Je n’ai pas…
Je n’ai pas vu Roland Sora depuis un certain temps. Il était en mission au Brésil. Il a fait là-bas des conférences, comme il fait si bien partout, tenu des séminaires, des tables rondes. À son retour, il est plus que volubile sur ce pays. Les sambas, les candomblés, le brassage de l’Afrique, de l’Amérique et de la latinité, le style unisexe, il ne tarit pas. Le fabuleux « naturel » des Brésiliennes, tellement plus fort que celui que Stendhal prêtait aux Italiennes. Et l’extrême attention, partout, à ce que la culture de la vieille Europe a de plus avancé. La vieille Europe, pourtant, il faut bien le dire ! Depuis qu’il est rentré, tout lui paraît ici étriqué et sans vigueur. Sans jeunesse. Là-bas, malgré les impasses économiques et les difficultés de la démocratie, il y a comme une jeunesse sauvage et un vertige de l’avenir. Malgré de larges zones de misère, une espérance et une joie. Et puis, l’été tropical resplendissait. Ici, c’est à peine la fin de l’hiver.
C’est dire que M. Sora est disposé à entendre l’histoire de mes dernières péripéties comme on prendrait acte, de Sirius, des dernières anecdotes de notre planète. Je me sens réellement mal à l’aise en face de lui dans ce bureau où il a bien voulu m’accorder quelques instants, en dépit du nombre des étudiants qui se pressent à sa porte depuis son retour. Je garde la bouche close. Heureusement, il a la bonté de me demander où j’en suis. Où en suis-je ? Voilà tout le mystère en effet. Je lui dis qu’avec Dautrand l’étape a été franchie. Il signe des papiers devant moi, faisant semblant de ne pas entendre, puis remue vaguement la tête, comme pour indiquer que la fatalité étant ce qu’elle est, il ne peut que s’incliner ou que, de toute façon, comme il est encore au Brésil, de cœur, d’esprit et de corps, ce genre de nouvelle le touche autant qu’une feuille morte qui effleure le sol. S’éloigne-t-il de moi ? En aurait-il assez, et même plus qu’assez de mes petites histoires et de mes confidences ? C’est le sentiment que j’ai, tout d’un coup, devant ce bureau. J’ai envie de me lever et de partir. Ou de pleurer, ce qui serait le pire.
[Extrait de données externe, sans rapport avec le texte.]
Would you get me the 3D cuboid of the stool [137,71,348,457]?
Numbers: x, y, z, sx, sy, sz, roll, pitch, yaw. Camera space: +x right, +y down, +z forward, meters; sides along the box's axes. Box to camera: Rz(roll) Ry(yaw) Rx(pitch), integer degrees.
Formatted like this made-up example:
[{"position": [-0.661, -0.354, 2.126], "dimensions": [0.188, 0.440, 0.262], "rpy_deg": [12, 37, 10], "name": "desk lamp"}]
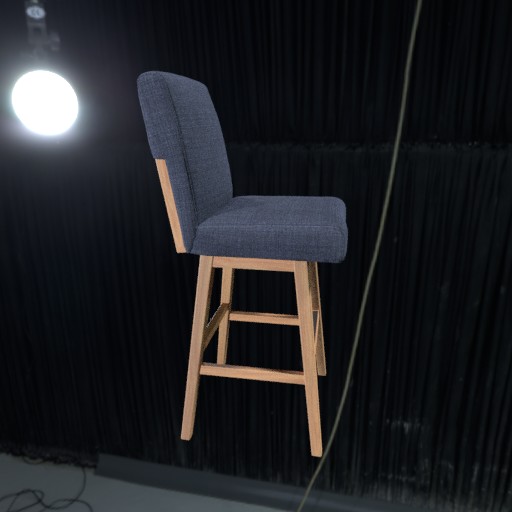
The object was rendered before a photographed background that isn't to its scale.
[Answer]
[{"position": [0.000, 0.000, 1.454], "dimensions": [0.570, 1.112, 0.483], "rpy_deg": [3, 18, 10], "name": "stool"}]
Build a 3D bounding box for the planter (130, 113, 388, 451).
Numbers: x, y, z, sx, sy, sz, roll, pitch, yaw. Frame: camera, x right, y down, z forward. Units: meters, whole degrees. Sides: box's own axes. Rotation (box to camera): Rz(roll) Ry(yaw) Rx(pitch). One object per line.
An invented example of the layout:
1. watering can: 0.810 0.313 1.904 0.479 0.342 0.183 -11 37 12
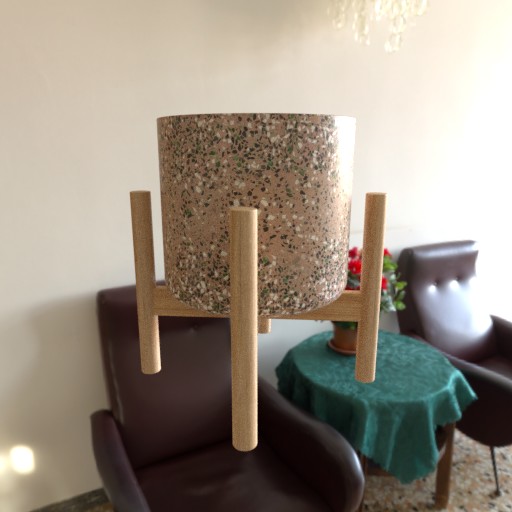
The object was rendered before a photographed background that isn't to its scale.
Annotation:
1. planter: 0.000 0.000 0.545 0.284 0.320 0.284 7 16 26
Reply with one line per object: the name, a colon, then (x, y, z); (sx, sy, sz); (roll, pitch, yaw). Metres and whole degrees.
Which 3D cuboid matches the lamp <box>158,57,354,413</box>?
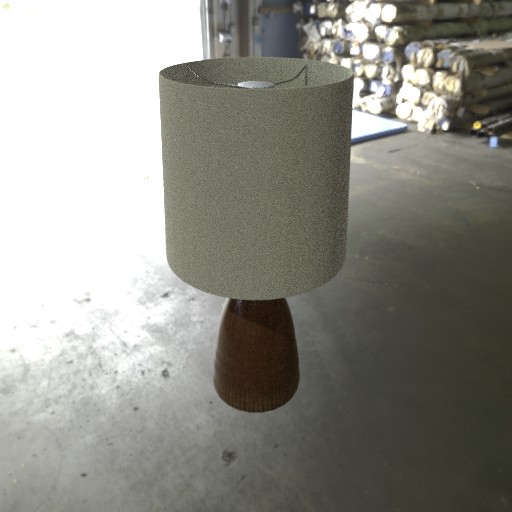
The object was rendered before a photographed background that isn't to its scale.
lamp: (0.000, 0.000, 0.472); (0.186, 0.369, 0.186); (0, 31, 0)
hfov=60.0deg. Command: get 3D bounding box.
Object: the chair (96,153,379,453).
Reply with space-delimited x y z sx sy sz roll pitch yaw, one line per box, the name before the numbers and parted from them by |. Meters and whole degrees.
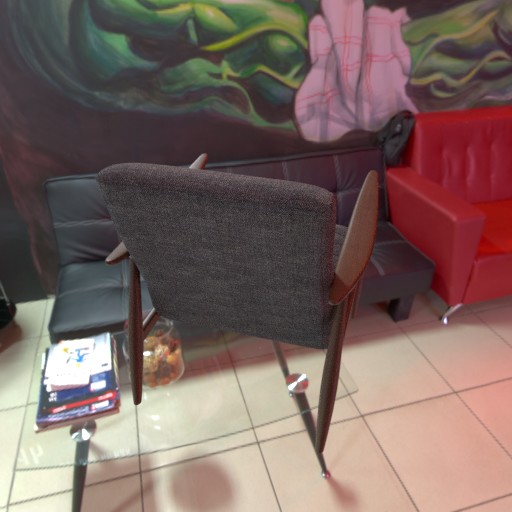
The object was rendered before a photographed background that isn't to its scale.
chair | 0.000 0.000 1.473 0.741 0.832 0.798 9 33 14
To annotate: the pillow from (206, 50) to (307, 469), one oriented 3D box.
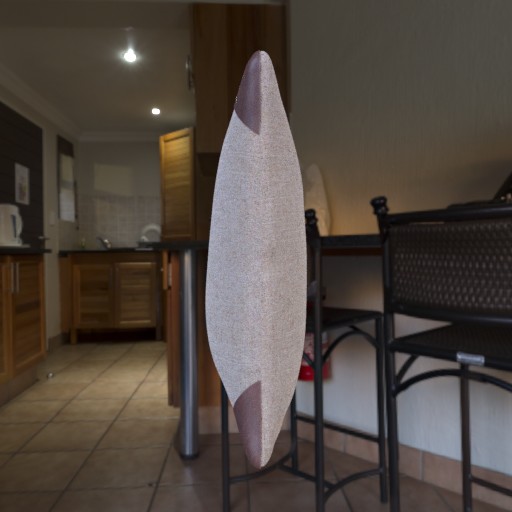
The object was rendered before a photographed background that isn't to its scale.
[{"bbox_3d":[0.000,0.000,0.684,0.147,0.448,0.437,0,1,-1],"label":"pillow"}]
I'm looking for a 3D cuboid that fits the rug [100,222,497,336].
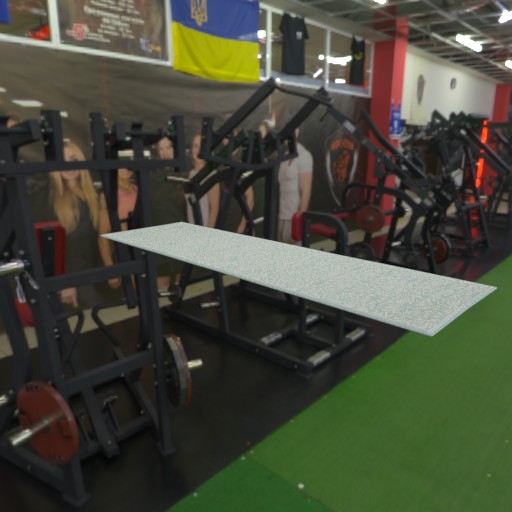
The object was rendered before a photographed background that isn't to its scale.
[{"bbox_3d":[0.000,0.000,2.379,2.196,0.011,0.662,14,20,42],"label":"rug"}]
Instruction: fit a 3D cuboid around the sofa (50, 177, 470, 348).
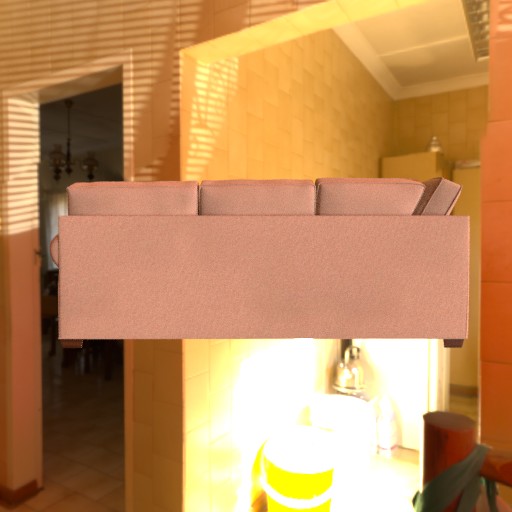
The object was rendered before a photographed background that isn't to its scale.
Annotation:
[{"bbox_3d":[0.000,0.000,3.893,2.562,1.053,2.487,0,2,0],"label":"sofa"}]
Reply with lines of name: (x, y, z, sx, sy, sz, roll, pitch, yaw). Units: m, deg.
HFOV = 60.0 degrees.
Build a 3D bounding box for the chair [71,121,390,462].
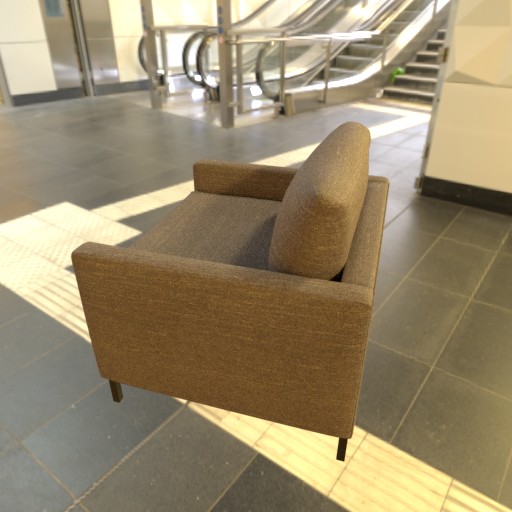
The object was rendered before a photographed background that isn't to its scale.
chair: (0.000, 0.000, 1.593, 0.845, 0.841, 0.940, 9, 31, 15)
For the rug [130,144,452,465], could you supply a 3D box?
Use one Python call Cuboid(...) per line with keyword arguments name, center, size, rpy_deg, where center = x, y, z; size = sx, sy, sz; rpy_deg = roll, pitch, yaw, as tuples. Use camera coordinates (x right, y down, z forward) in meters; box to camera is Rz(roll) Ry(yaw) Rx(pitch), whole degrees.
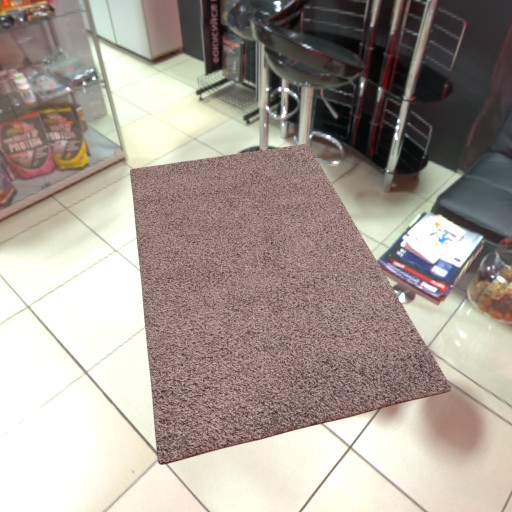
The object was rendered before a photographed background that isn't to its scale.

Mais j’enchaîne. Je raconte mes mésaventures avec Clorinde. Et les turbulences de la Générale. Là, Sora s’arrête de signer et me prête une oreille sensiblement plus attentive. Il paraît s’amuser. Sans doute, au fond de lui-même, n’est-il pas loin de penser, comme le commissaire, que je suis sur une pente dangereuse et que je commence à « troubler l’ordre public » de notre charmante petite ville. Il devrait tout de même avoir l’avantage sur M. Beloy de comprendre que cela est dû aux imprévisibles engrenages de cette activité, sûrement coupable, qui consiste à lire à voix haute ce qui est fait pour le silence. Où cela peut-il mener ? S’il ne le sait pas lui, qui le saura ? Il est vrai qu’il préfère, à y bien réfléchir, voir les livres dans le placard de sa bibliothèque qu’en liberté. Il y a si longtemps qu’il les apprivoise !
En tout cas, il est indulgent. Pris sans doute par le temps et n’osant me mettre à la porte, il se lève, vient vers moi et dépose un baiser fraternel sur chacune de mes joues.